[Tex/LaTex] line break aware custom environment

environmentsline-breaking

I have a use-case where I would like to specify some special formatting for the text being input via the \input command. This text is customer's address being printed in some sort of a form. Ideally the input file should not contain any TeX commands and be aware of line breaks.

So if the input file is:

John Doe
Some Street X
ZIP City

the LaTeX template contains:

 \begin{customer}
   \input{customer}
 \end{customer}

I know how to create a new environment, but how can I preserve line breaks from the customer.tex. I don't want the .tex file to contain \\ for the line breaks. Verbatim environment does not fit well here since it uses an own font and formatting.

P.S.:
A short note: verbatim environment does not work, since it does not preserve the formatting from the customer environment. I need to merge the ability of line breaks into my customer environment. E.g. customer environment can cause the text to be formatted as {\large \textsc{...}}, or whatever else.

Best Answer

That syntax is redundant: something like \custinput{customer} might be better; let's try:

\newcommand{\custinput}[1]{%
  \begingroup\setlength{\parindent}{0pt}\obeylines
  \input{#1}\endgroup}

\custinput{customer}

LaTeX borrows the macro \obeylines from plain.tex: its definition is

\def\obeylines{\catcode`\^^M\active\let^^M\par}

Saying \catcode\endlinechar\active could be safer, but it's not very common that the end-of-line character is different from the default one. Such a command should be issued inside a group, because otherwise its effect will last "forever". In this group the active end-of-line is defined to be equivalent to \par.

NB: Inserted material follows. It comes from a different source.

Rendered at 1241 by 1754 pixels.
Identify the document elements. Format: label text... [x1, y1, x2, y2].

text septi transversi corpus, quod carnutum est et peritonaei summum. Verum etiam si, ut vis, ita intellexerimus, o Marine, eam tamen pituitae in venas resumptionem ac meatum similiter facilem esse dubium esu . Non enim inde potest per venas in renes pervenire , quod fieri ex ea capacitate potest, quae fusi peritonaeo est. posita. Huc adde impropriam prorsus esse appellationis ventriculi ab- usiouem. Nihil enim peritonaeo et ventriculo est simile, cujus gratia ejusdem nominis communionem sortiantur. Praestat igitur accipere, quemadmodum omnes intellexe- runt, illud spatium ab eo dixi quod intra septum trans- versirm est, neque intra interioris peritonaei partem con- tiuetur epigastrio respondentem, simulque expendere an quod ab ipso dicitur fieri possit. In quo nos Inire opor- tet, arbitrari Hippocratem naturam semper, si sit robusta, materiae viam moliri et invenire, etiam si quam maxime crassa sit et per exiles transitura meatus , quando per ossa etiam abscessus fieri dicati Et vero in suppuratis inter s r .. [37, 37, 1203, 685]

A bit of theory: TeX appends a character to each line it reads after disposing of the operating system end-of-record signal. This is because every operating system has its own ideas of how a record should end; some use a combination <CR><LF>, others only <LF>, others only <CR> (<CR> is ASCII 13, <LF> is ASCII 10). Others don't use any character at all, because their records have fixed length and the record is padded by ASCII <NUL> characters or even spaces.

The default end-of-line character appended by TeX is <CR>, but it depends on the value of the integer parameter \endlinechar (whose initial value is 13). If this value is negative, no end-of-line character is inserted: this is sometimes useful in applications. The category code of this character is usually 5, which means that two such characters in succession are converted to \par (spaces at the beginning of a line are ignored), otherwise it's converted to a space. From this follows the property that a blank line ends a paragraph.

Setting the category code of this character \active (that is, 13) allows us to define it to be anything we want; we'll use the default meaning, that is \par, which will do what's intended. A convenient way to refer to ASCII 13 as a character is ^^M. However we couldn't say

\newcommand{\custinput}[1]{\begingroup
   \catcode`^^M=\active \def^^M{something}%
   \input{#1}\endgroup}

because at the moment of the definition the category code of ^^M is not 13. Indeed the real definition of \obeylines is

{\catcode`\^^M=\active % these lines must end with %
 \gdef\obeylines{\catcode`\^^M\active \let^^M\par}%
 \global\let^^M\par} % this is in case ^^M appears in a \write

and this shows why using \obeylines in the definition is "more elegant".